## ACTION ITEM
Leaving out the pictures, retype exactly the lines from the one holding "Reply with lines" through the end of the material.

## GIVEN MATERIAL

[Start of section]

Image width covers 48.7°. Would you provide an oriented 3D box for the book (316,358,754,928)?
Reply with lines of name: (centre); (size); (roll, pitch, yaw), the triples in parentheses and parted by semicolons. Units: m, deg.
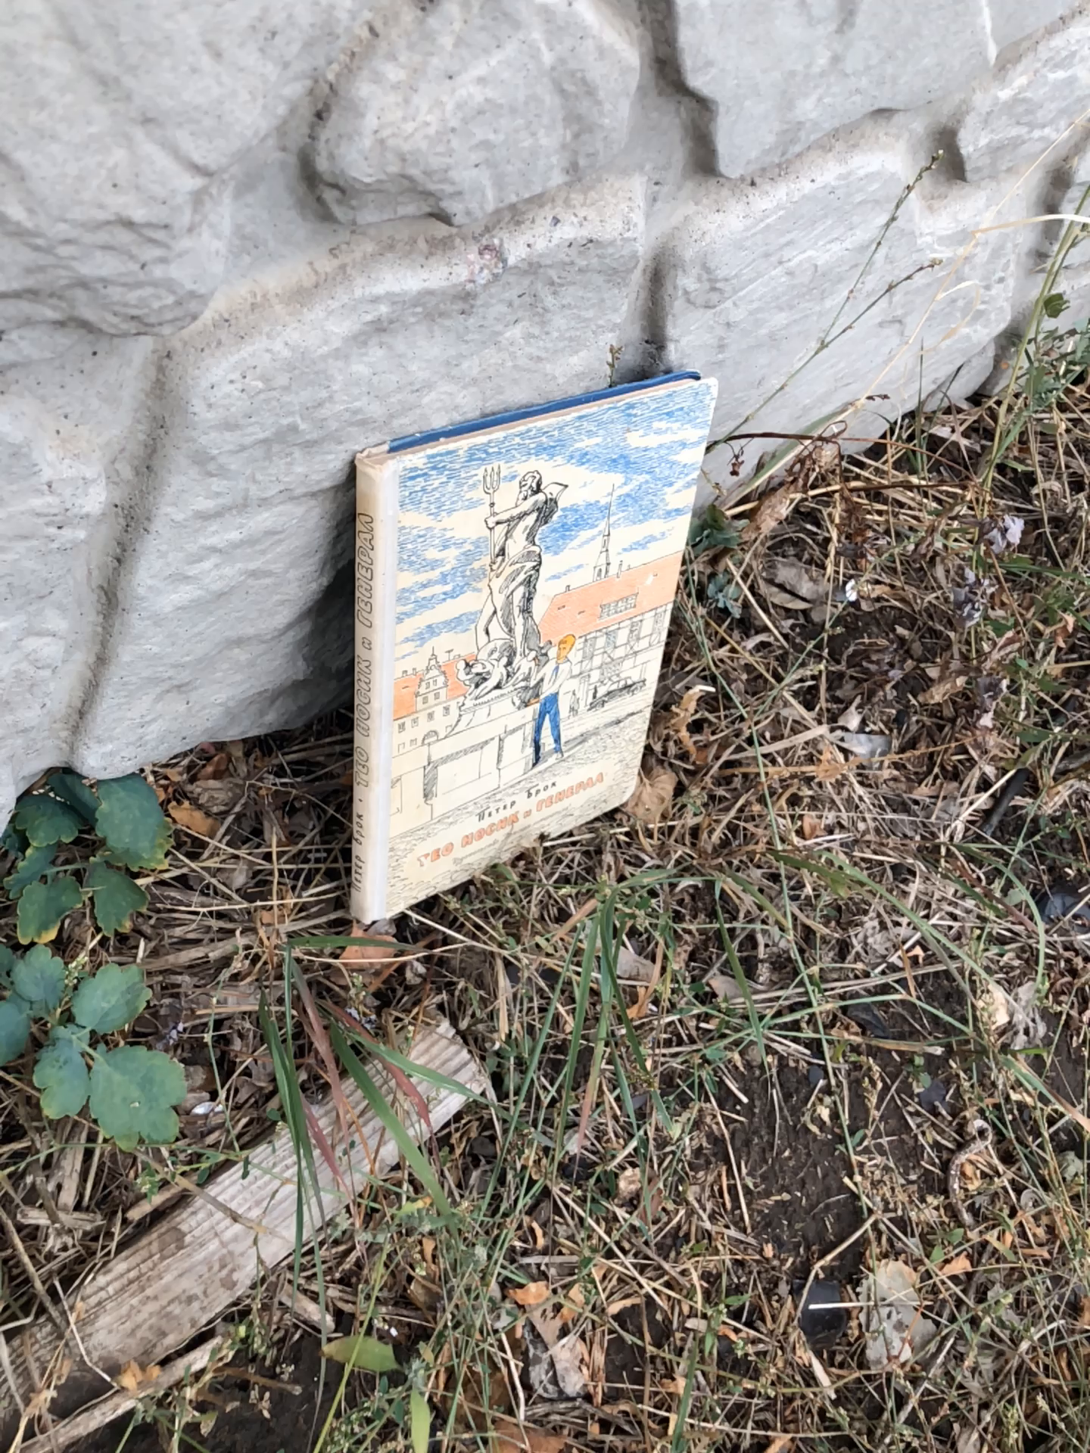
book: (-0.005, -0.025, 0.446); (0.151, 0.199, 0.020); (-20, 47, -26)

[End of section]

## OUTPUT OF THE TASK
Reply with lines of name: (centre); (size); (roll, pitch, yaw), the triples in parentheses and parted by semicolons. Units: m, deg.
book: (-0.005, -0.025, 0.446); (0.151, 0.199, 0.020); (-20, 47, -26)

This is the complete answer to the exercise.